Oakland Police Department

Oakland Police Department

Author: Phil McArdle

Publisher: Arcadia Publishing

Published: 2007

Total Pages: 134

ISBN-13: 9780738547268

DOWNLOAD EBOOK

The California legislature granted a charter to the new community of Oakland in 1862, and a year later, the town council appointed three peace officers. When it was a dusty Western town, Oakland's major business was raising cattle to feed San Franciscans and the gold miners north of Sacramento. Year by year, as Oakland grew in size and population, the police department grew with it. The Oakland Police Department pioneered the use of call boxes, police cars, and other technical innovations. It has served the city well through good times and bad, wars, fires, and earthquakes. A large, diverse organization serving a complex multicultural city, the Oakland Police Department today accepts the challenges of policing in the 21st century.


Cop Out

Cop Out

Author: Will Damron

Publisher: Will Damron

Published: 2012-03-01

Total Pages: 458

ISBN-13: 9781934051634

DOWNLOAD EBOOK

The youngest man to have pinned on the badge of an Oakland police officer discusses his three years on the force. His language isn't flowery, and the subject matter may be coarse. Sometimes life hands people more than they could have imagined.

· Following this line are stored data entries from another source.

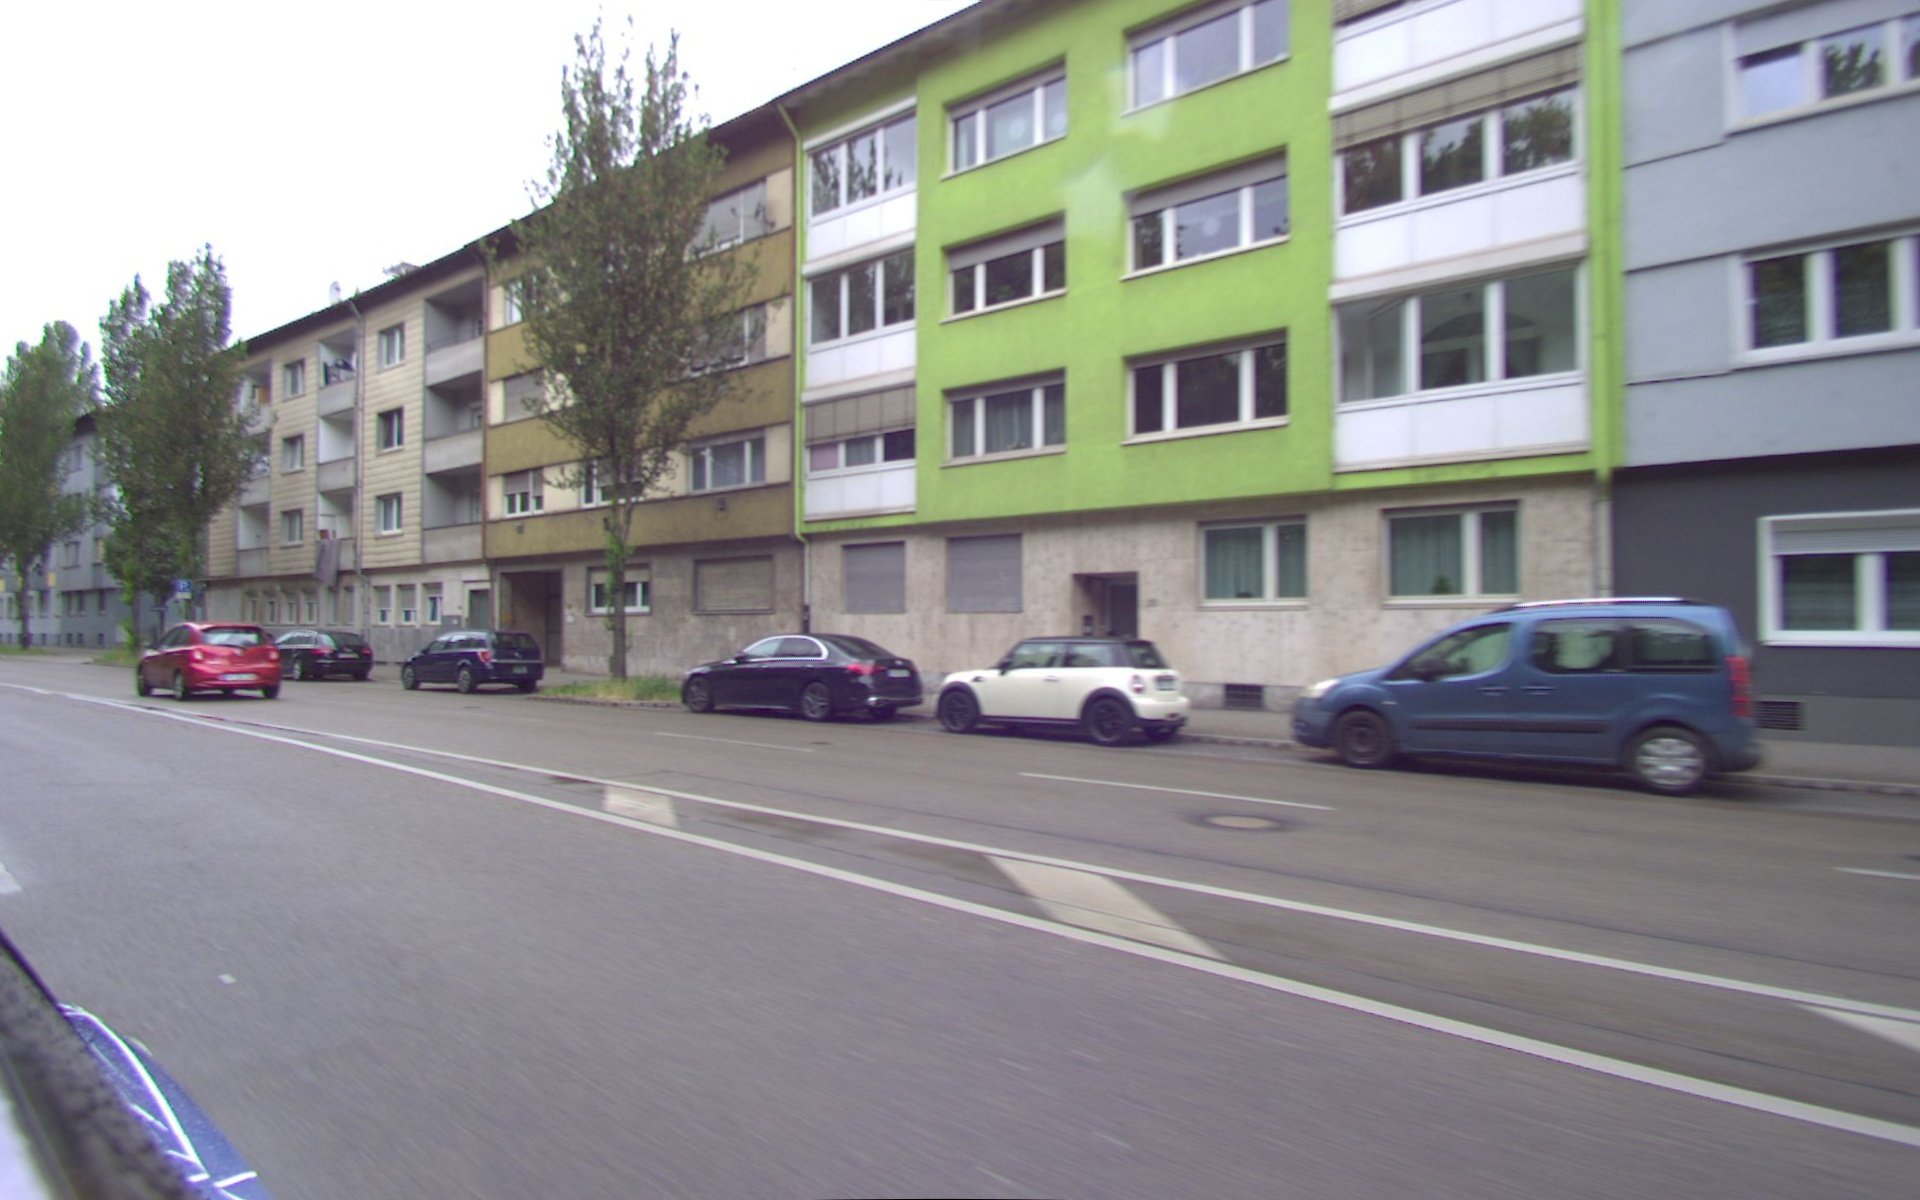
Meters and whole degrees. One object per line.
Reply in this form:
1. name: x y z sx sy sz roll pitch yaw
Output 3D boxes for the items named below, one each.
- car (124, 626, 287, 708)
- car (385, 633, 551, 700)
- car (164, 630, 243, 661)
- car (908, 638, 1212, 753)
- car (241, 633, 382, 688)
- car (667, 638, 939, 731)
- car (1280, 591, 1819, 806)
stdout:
1. car: -15.197 1.287 20.347 3.675 1.489 1.690 -1 -3 38
2. car: -11.983 1.571 24.541 4.507 1.500 1.702 -2 -4 37
3. car: -39.970 2.395 53.595 1.685 1.505 4.009 2 -2 -11
4. car: 1.330 1.265 14.252 3.994 1.386 1.664 -1 -4 38
5. car: -19.073 1.738 29.683 4.779 1.500 1.801 -2 -4 36
6. car: -2.767 1.365 17.285 4.670 1.383 1.801 -2 -4 36
7. car: 5.945 0.902 10.628 4.595 1.780 1.872 -1 -3 39
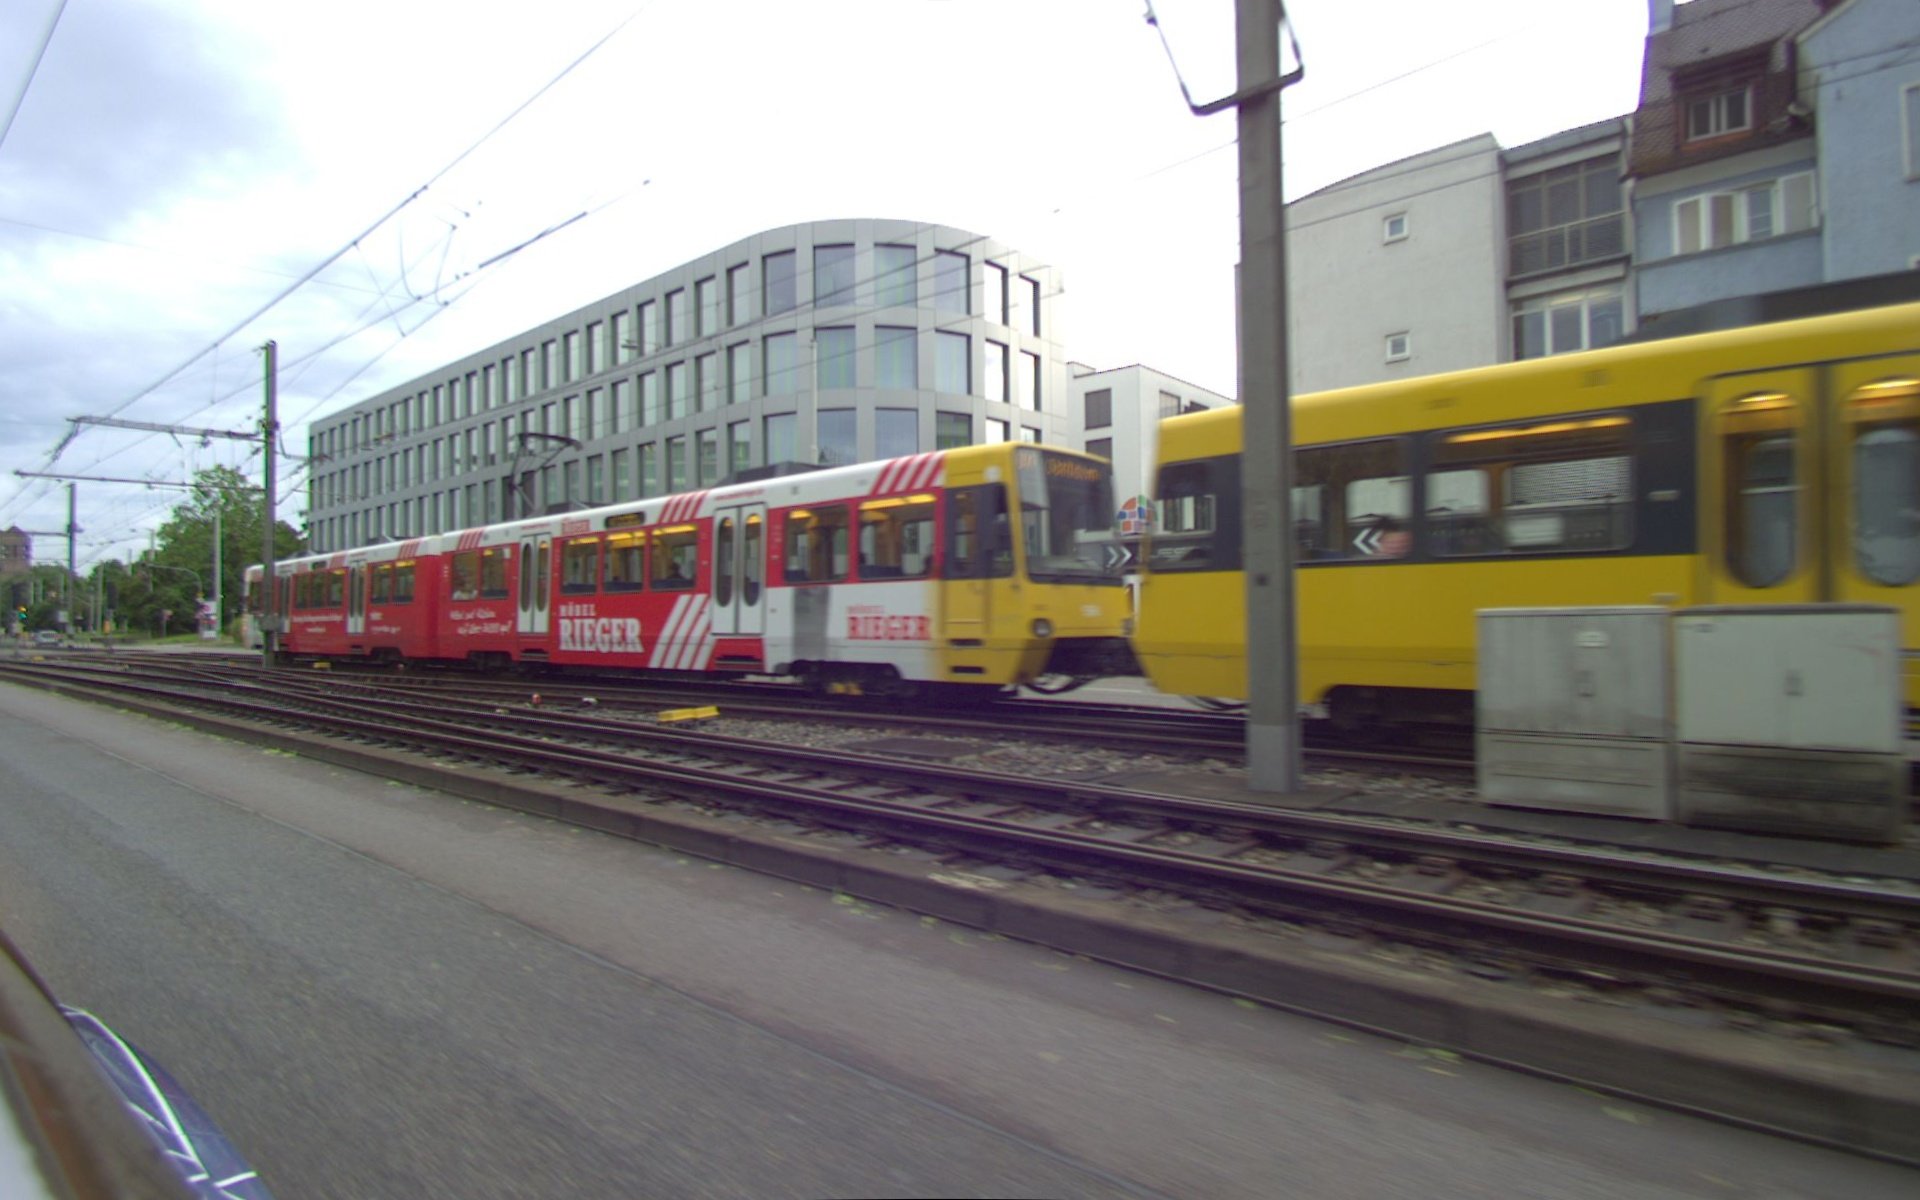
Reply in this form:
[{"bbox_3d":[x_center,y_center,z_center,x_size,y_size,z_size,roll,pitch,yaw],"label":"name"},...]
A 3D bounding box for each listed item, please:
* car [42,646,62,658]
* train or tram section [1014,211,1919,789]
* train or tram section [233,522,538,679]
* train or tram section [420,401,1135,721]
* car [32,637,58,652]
[{"bbox_3d":[-129.411,7.372,144.281,3.563,1.561,1.752,-2,-2,42],"label":"car"},{"bbox_3d":[8.661,-0.706,6.595,19.095,3.840,2.935,-2,-2,43],"label":"train or tram section"},{"bbox_3d":[-19.088,0.249,32.227,18.611,3.840,2.935,-2,-2,43],"label":"train or tram section"},{"bbox_3d":[-5.382,-0.231,19.545,18.611,3.840,2.935,-2,-2,43],"label":"train or tram section"},{"bbox_3d":[-104.331,5.063,115.395,3.562,1.649,1.788,-2,-2,41],"label":"car"}]

When Riot Cops Are Not Enough

When Riot Cops Are Not Enough

Author: Mike King

Publisher: Rutgers University Press

Published: 2017-03-09

Total Pages: 174

ISBN-13: 0813583756

DOWNLOAD EBOOK

In When Riot Cops Are Not Enough, sociologist and activist Mike King examines the policing, and broader political repression, of the Occupy Oakland movement during the fall of 2011 through the spring of 2012. King’s active and daily participation in that movement, from its inception through its demise, provides a unique insider perspective to illustrate how the Oakland police and city administrators lost the ability to effectively control the movement. Drawn from King’s intensive field work, the book focuses on the physical, legal, political, and ideological dimensions of repression—in the streets, in courtrooms, in the media, in city hall, and within the movement itself—When Riot Cops Are Not Enough highlights the central role of political legitimacy, both for mass movements seeking to create social change, as well as for governmental forces seeking to control such movements. Although Occupy Oakland was different from other Occupy sites in many respects, King shows how the contradictions it illuminated within both social movement and police strategies provide deep insights into the nature of protest policing generally, and a clear map to understanding the full range of social control techniques used in North America in the twenty-first century.